Q12. Find the co-ordinates of the points of trisection of the line segment joining the points A(2, -2) and B(-7, 4).

Ans. Let P and Q be the points of trisection of AB.

i.e.     AP=PQ=QB

Therefore, P divides AB internally in the ratio 1 : 2. Therefore, the coordinates of P, by applying the section formula, are

\displaystyle \left( {\frac{{1(-7)+2(2)}}{{1+2}},\frac{{1(4)+2(2)}}{{1+2}}} \right)  , i.e. (-1, 0)

Now, Q also divides AB internally 2:1. So, the coordiates of Q are

\displaystyle \left( {\frac{{2(-7)+1(2)}}{{2+1}},\frac{{2(4)+1(2)}}{{2+1}}} \right)  , i.e.,  (-4, 2)

Q13. In what ratio does the point (-4, 6) divides the line segment joining the points A(-6, 10) and B(3, -8).

Ans. Let the ratio k : 1. Let (-4, 6) divide AB internally in the ratio k : 1. Using the section formula, we get

(-4, 6) = \displaystyle \left( {\frac{{3k-6}}{{k+1}},\frac{{-8k+10}}{{k+1}}} \right)

So,               -4 = \displaystyle \frac{{3k-6}}{{k+1}}

-4k – 4 = 3k – 6

7k = 2

k = \displaystyle \frac{2}{7}

i.e                 k : 1 = 2 : 7

So, the point (-4, 6) divides the line segment joining the points A(-6, 10) and B(3, -8) in the ratio 2 : 7.

[Note : You can check for the y-coordinate also.]

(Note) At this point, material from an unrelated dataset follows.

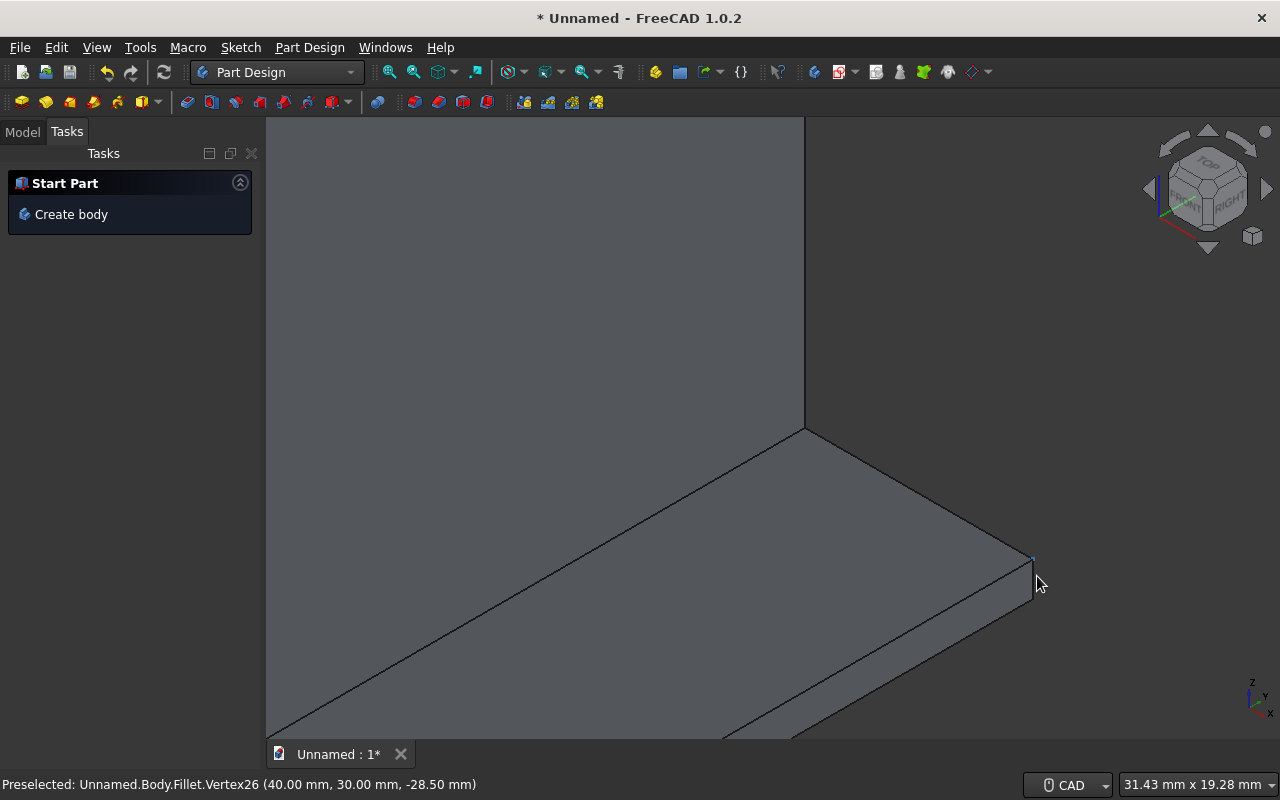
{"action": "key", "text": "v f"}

Q14. Find the coordinates of the point which divide the line segment joining the points (4, -3) and (8, 5) in a ratio 3 : 1 internally. Most Important

Ans. Let P(x, y) be the required point. Using the section formula, we get

\displaystyle x=\frac{{3(8)+1(4)}}{{3+1}}=7,

\displaystyle y=\frac{{3(5)+1(-3)}}{{3+1}}=3

Therefore, (7, 3) is the required point.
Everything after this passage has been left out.